▶ _GIVEN DATA_:
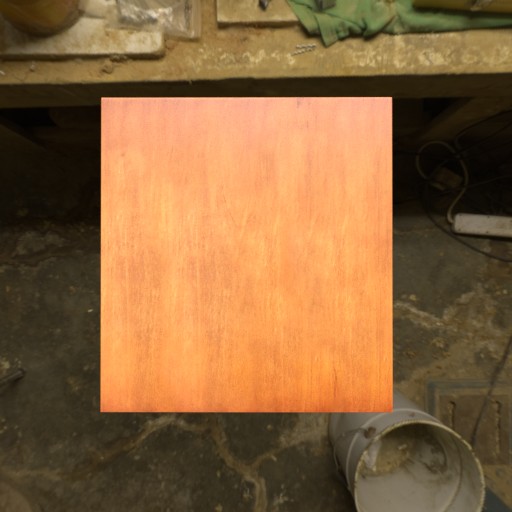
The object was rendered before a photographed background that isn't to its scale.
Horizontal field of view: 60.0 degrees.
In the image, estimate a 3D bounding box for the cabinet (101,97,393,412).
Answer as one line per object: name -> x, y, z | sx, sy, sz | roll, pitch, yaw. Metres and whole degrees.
cabinet -> 0.000, 0.000, 0.864 | 0.401, 0.579, 0.409 | 0, 90, 0
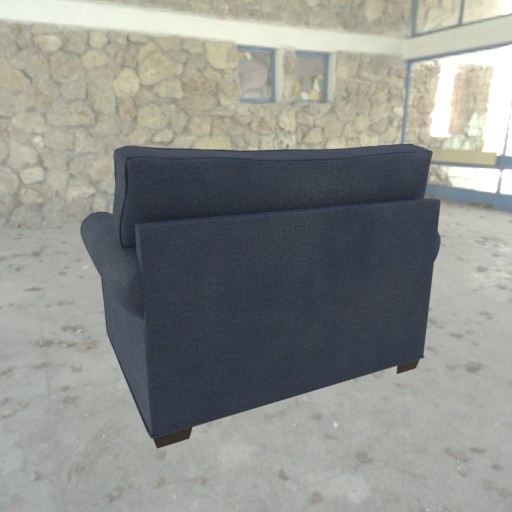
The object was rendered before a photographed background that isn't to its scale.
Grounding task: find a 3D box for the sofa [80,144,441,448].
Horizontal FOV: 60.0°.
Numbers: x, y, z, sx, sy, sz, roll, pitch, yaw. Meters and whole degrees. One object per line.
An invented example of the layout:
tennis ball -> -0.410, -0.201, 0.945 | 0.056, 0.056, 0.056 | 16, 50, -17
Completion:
sofa -> 0.000, 0.000, 2.021 | 1.405, 1.004, 0.938 | -8, 17, -26
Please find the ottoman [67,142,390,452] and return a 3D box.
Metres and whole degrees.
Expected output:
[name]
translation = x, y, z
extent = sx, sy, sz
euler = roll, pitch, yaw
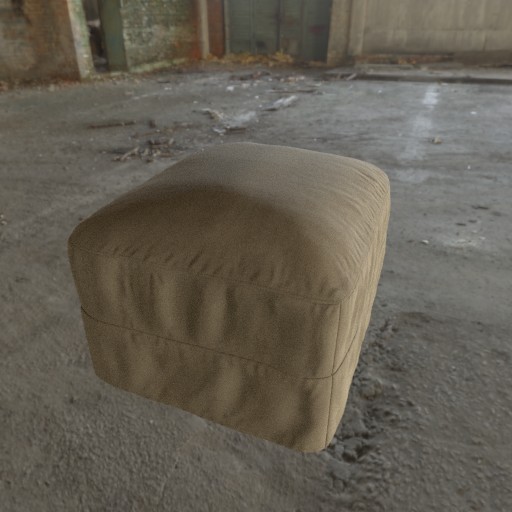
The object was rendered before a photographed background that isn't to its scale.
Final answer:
[ottoman]
translation = 0.000, 0.000, 1.101
extent = 0.584, 0.480, 0.712
euler = 11, 30, 19
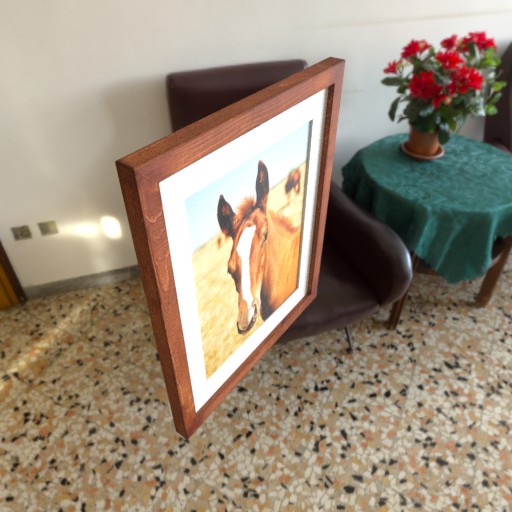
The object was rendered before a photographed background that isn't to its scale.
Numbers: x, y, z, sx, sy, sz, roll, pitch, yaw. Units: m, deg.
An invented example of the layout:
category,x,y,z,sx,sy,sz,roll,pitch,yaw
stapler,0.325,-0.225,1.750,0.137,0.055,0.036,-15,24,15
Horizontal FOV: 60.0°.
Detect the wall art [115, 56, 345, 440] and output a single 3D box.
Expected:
category,x,y,z,sx,sy,sz,roll,pitch,yaw
wall art,0.000,0.000,0.782,0.030,0.558,0.462,26,46,27
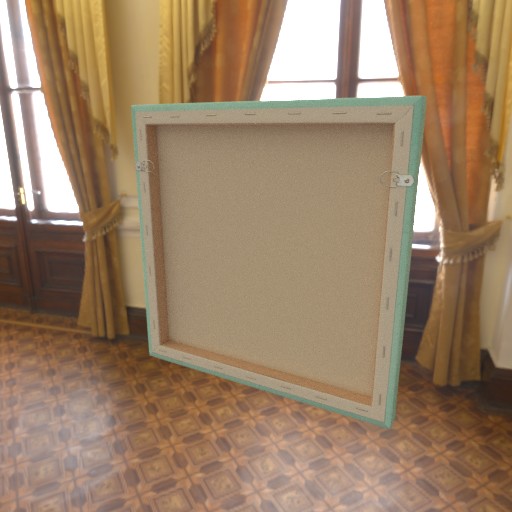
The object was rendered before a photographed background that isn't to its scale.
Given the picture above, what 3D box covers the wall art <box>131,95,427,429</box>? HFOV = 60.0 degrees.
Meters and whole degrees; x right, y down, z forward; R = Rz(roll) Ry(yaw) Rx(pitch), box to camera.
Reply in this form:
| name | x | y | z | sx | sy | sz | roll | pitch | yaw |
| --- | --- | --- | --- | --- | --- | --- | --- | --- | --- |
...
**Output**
| name | x | y | z | sx | sy | sz | roll | pitch | yaw |
| --- | --- | --- | --- | --- | --- | --- | --- | --- | --- |
| wall art | 0.000 | 0.000 | 1.625 | 1.071 | 1.073 | 0.070 | 9 | 18 | 27 |
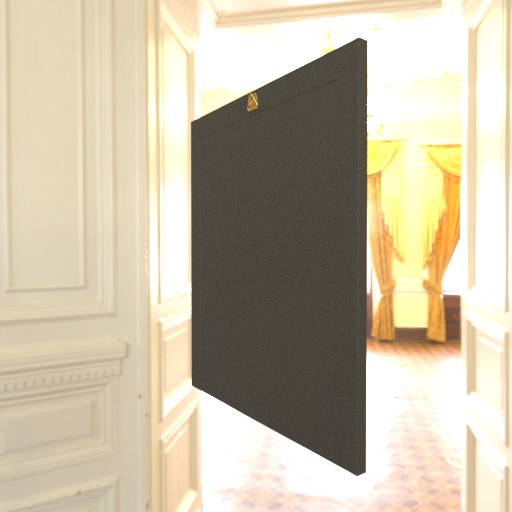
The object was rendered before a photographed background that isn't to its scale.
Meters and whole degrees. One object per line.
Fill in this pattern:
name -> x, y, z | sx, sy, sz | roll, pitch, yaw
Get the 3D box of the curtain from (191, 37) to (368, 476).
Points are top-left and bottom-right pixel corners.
curtain -> 0.000, 0.000, 0.790 | 0.027, 0.585, 0.483 | -1, 1, -35
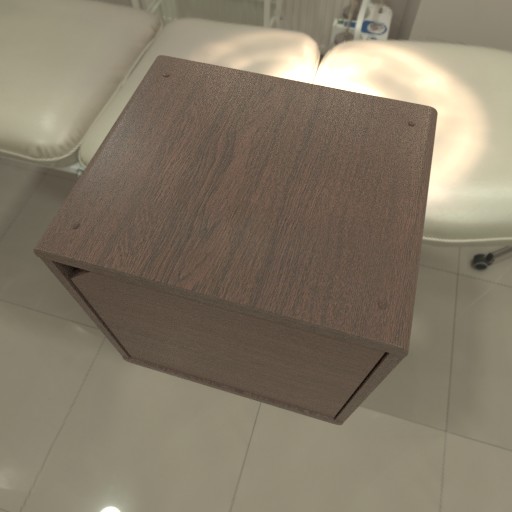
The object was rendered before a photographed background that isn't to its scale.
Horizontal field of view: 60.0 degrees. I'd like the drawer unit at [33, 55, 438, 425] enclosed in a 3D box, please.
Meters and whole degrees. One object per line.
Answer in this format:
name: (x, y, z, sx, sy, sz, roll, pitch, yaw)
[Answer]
drawer unit: (0.000, 0.000, 0.594, 0.344, 0.344, 0.290, 14, 61, 8)
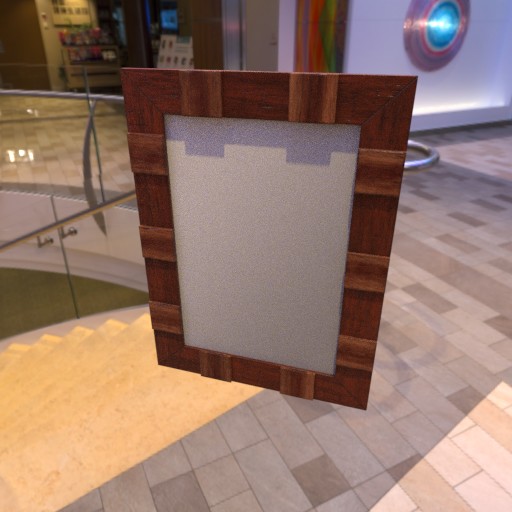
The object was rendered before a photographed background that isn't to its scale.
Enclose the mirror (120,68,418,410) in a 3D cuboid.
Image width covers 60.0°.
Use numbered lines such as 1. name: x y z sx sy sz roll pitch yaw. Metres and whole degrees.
1. mirror: 0.000 0.000 1.045 0.600 0.805 0.021 8 28 15
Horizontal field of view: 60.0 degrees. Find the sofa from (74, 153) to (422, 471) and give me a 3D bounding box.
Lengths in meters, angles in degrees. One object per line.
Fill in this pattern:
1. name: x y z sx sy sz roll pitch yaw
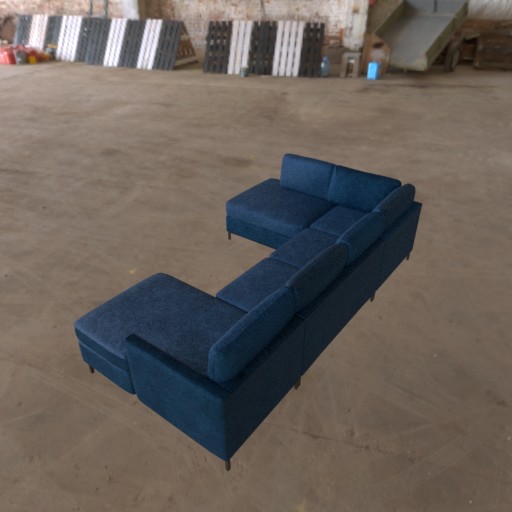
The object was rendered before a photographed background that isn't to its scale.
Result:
1. sofa: 0.000 0.000 4.366 2.055 0.992 3.434 22 38 31
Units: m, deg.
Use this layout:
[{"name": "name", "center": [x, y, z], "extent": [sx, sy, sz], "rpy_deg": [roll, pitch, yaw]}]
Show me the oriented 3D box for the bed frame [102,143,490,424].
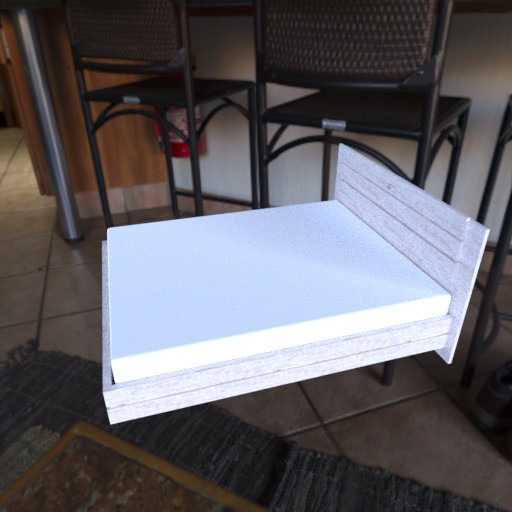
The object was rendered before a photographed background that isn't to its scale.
[{"name": "bed frame", "center": [0.000, 0.000, 3.062], "extent": [2.080, 0.970, 1.750], "rpy_deg": [-9, 31, -15]}]
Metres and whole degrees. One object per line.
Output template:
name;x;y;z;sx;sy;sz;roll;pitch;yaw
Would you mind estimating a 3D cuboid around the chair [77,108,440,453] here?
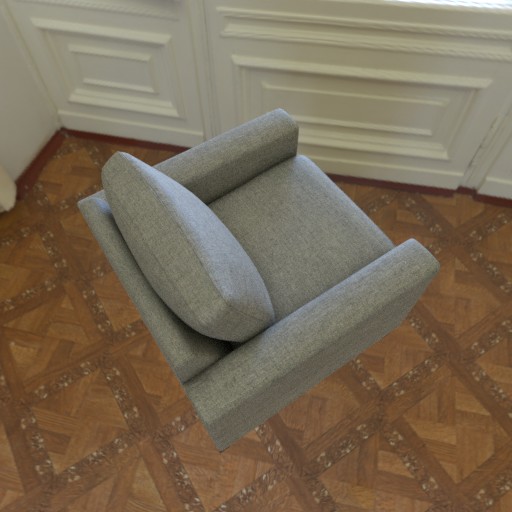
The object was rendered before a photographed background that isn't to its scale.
chair;0.000;0.000;1.847;1.038;1.010;1.024;-30;63;-17
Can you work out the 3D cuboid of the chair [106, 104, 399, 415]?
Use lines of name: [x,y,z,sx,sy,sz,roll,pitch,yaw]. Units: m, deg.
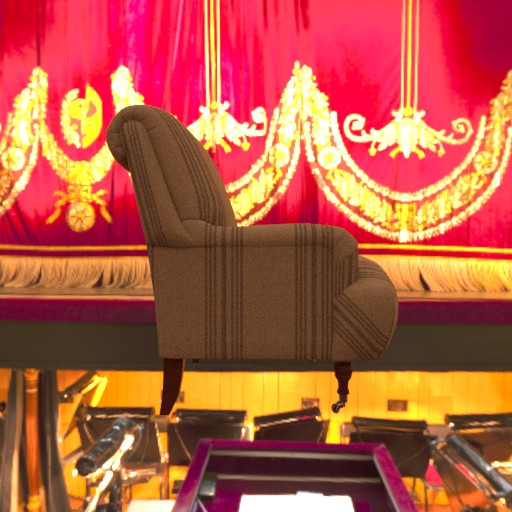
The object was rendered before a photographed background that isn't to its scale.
chair: [0.000,0.000,1.626,0.914,0.940,0.813,0,0,1]
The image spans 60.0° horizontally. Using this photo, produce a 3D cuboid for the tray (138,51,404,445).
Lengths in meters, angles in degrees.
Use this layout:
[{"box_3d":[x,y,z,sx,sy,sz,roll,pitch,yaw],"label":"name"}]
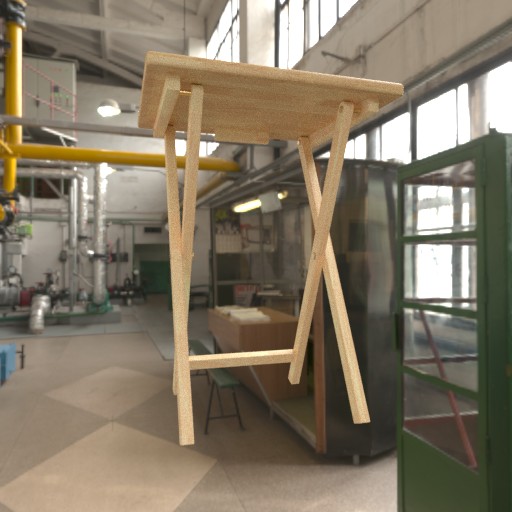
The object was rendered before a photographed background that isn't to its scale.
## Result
[{"box_3d":[0.000,0.000,0.960,0.483,0.660,0.381,0,0,-17],"label":"tray"}]
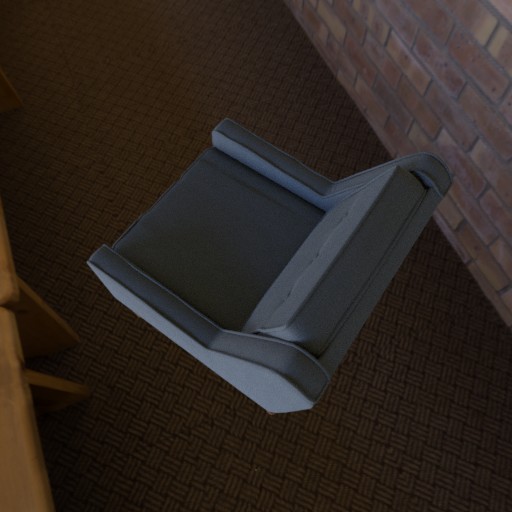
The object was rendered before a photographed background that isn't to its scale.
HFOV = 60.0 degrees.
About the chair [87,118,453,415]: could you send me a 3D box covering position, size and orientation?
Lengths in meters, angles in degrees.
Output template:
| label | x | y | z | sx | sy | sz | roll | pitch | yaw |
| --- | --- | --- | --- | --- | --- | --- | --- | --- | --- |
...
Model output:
| label | x | y | z | sx | sy | sz | roll | pitch | yaw |
| --- | --- | --- | --- | --- | --- | --- | --- | --- | --- |
| chair | 0.000 | 0.000 | 1.344 | 0.733 | 0.780 | 0.663 | 33 | 69 | 15 |
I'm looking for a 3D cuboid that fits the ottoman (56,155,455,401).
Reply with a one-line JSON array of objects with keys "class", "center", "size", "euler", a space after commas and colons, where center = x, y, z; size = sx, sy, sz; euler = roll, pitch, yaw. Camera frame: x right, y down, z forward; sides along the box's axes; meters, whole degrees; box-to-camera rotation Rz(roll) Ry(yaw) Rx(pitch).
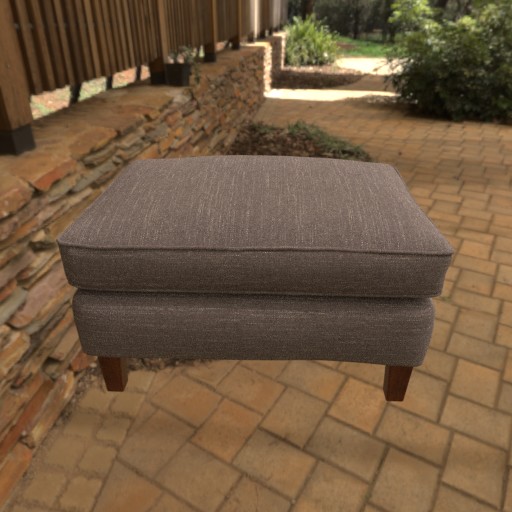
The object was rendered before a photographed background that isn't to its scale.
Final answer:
[{"class": "ottoman", "center": [0.000, 0.000, 0.998], "size": [0.686, 0.406, 0.508], "euler": [1, 29, 2]}]

▶ _EXERCISE INSTRUCTIONS_: Find the word "Reply" in the material, then list each line that holds it.

▶ _EXERCISE RESULT_:
Reply in this form:
Reply with a one-line JSON array of objects with keys "class", "center", "size", "euler", a space after commas and colons, where center = x, y, z; size = sx, sy, sz; euler = roll, pitch, yaw. Camera frame: x right, y down, z forward; sides along the box's axes; meters, whole degrees; box-to-camera rotation Rz(roll) Ry(yaw) Rx(pitch).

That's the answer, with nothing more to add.